Source: Deep Learning on Medium
The data product manager has risen as a new role that follows the rapidly increasing need for data scientists. As businesses begin to recognize the unique challenges of building and running data teams, they are hiring data-focused product managers to tackle the unique strategic and tactical decision making that comes with building new data products.
These newly minted data product managers face unique challenges. How can businesses properly anticipate, plan and overcome these challenges? If you are a data product manager or want to become one — what challenges can you expect?
The responsibilities of a data product manager are largely the same as any software product manager. 90% of day-to-day responsibilities will still be prioritization, communications, stakeholder management, design collaboration and creating specifications. You are still expected to build business cases, manage a backlog, present release plans, and act as an interface with internal and external stakeholders. Fundamentally, you are still responsible for the proper prioritization of R&D investment in the short and long-term to optimize business results.
The challenge comes with the added work of not only prioritizing and specifying workflow focused solutions but also data-driven solutions. The delivery of data-driven solutions demands longer-term planning and often more capital-intensive investment. The processes also change with more complex development cycles and changes in ongoing maintenance.
Data Business Cases with Long Planning Cycles
If you are building features upon an established product or a net new product altogether, choosing the highest priority problem to solve remains your highest priority. The title “data product manager” may bias you to a delivery method of your feature — data science or analytics of some flavor. As a PM, you need to resist the urge to throw a data solution at all investable problems. Your investors will thank you for choosing data vs. workflow solves wisely.
So how do you work out your solution- workflow only, data-driven workflow?
- Is the value in the data solution that drives unique and valuable insights? Or does the value exist in the efficiency play of a workflow?
- Is your cost of data acquisition and or data labeling financially feasible within your business case? Don’t underestimate this cost- many projects require a fresh capital infusion just to create labeled training data.
- Are you well positioned to outpace the competition with data assets, vision, and talent?
If the answer to any of these questions leads you to the feeling of “no” or “sounds like I should just do a workflow feature”, then you have your answer and should work to solve these challenges first. Let’s says you say “Yes! Let’s do data science” to all of these, then there are a few additional things to anticipate.

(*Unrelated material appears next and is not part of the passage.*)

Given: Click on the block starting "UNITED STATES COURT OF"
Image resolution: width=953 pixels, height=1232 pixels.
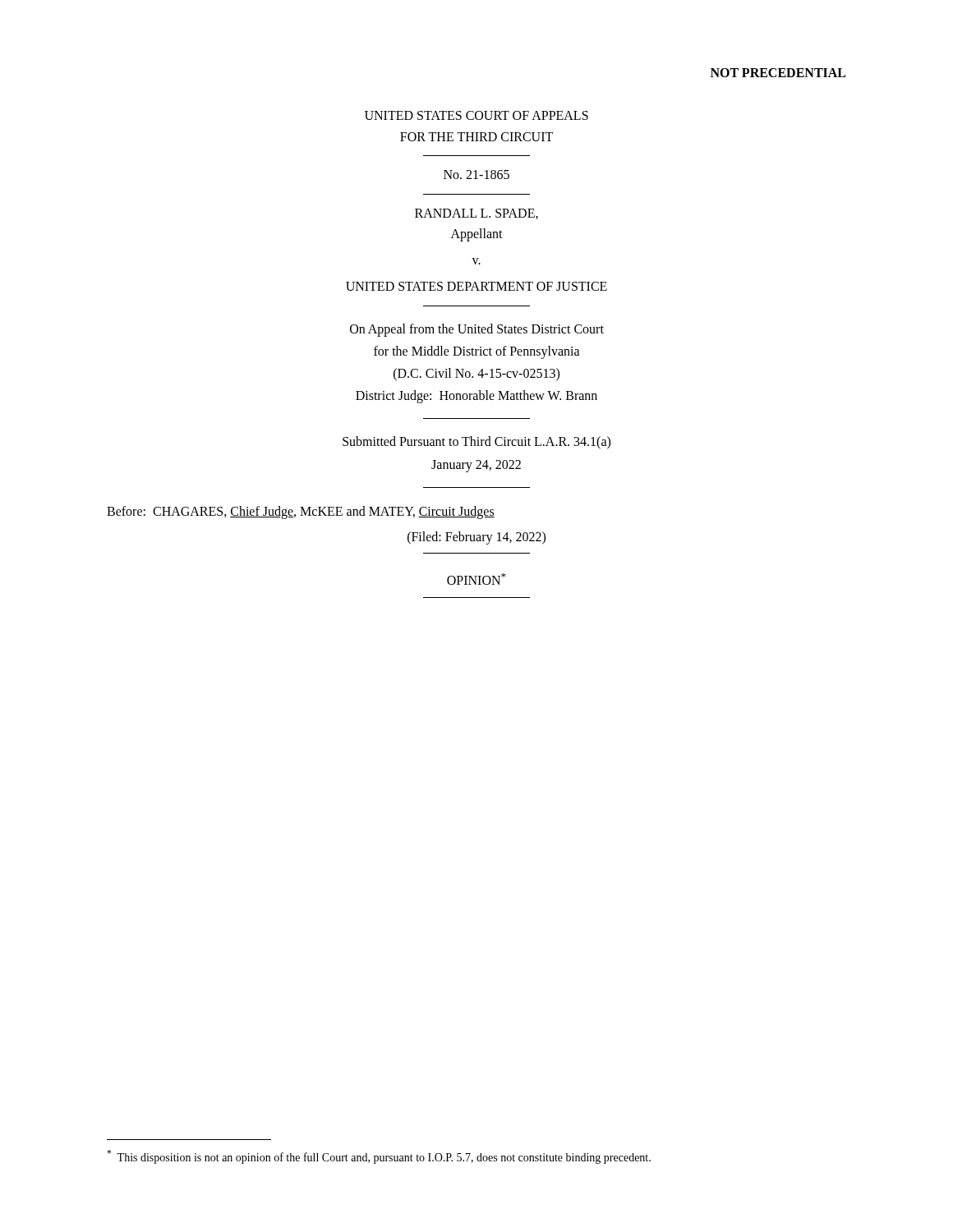Looking at the screenshot, I should click(476, 126).

More Complex Development Cycles
Your development cycles are about to change. They will get longer and more complex as you add resources and the unique processes that come with data science development. Data science teams are tasked with data collection/sourcing, discovery, cleaning/processing, training, and sometimes deployment. Your initial integration of these new data scientists and your existing development teams is extremely important. Many data scientists and executives with new data science teams are shocked at the time spent on data the first three steps — collection, discovery, and cleaning. Upwards of 90% of a data scientist’s time is spent on these tasks — rather than model creation, testing, and deployment. So what is one to do?
If you are stretched for data scientists — employ data analysts and enable them with the tools they will ask for such as Alteryx, DataRobot or Knime. Good data analysts can use these solutions experiment with creating data pipes, discovery, cleaning and testing generic models. This early work by your analysts can greatly accelerate your build time and be a budget-friendly solution where data scientists would otherwise spend mountains of time on prior to model creation and testing.
Plan for near-immediate and model degradation and therefore higher than usual ongoing maintenance cost. A machine learning model evolving in relation to the world it touches — it needs to be maintained to be in tip-top shape. As you do with new features for non-data projects- account for higher than usual upfront maintenance and a long tail for ongoing. If you have to manually label training data or have a manual collection process- don’t forget that this will be part of maintenance too as you will likely need to update your models with this new information.
Getting a handle on the complexities of data science
If you don’t have a data science background — that’s ok. My top recommendation is to immerse yourself in the world of data science, even if for a short time. A few paths I recommend:
- Take MOOC’s — brush up on your statistics first before diving into machine learning.
- If you don’t have a software development background — use tools that help you accelerate — Alteryx, Knime, RapidMiner, and DataRobot are all awesome tools at varying price points (Knime has the most usable free option).
- Do a Kaggle or DrivenData competition using one of the tools above. These can take as little as 2 hours and are a great way to learn by doing. If you want to see the power of deep learning with one of these competitions — try using H2O’s Driverless AI solution, it is incredible.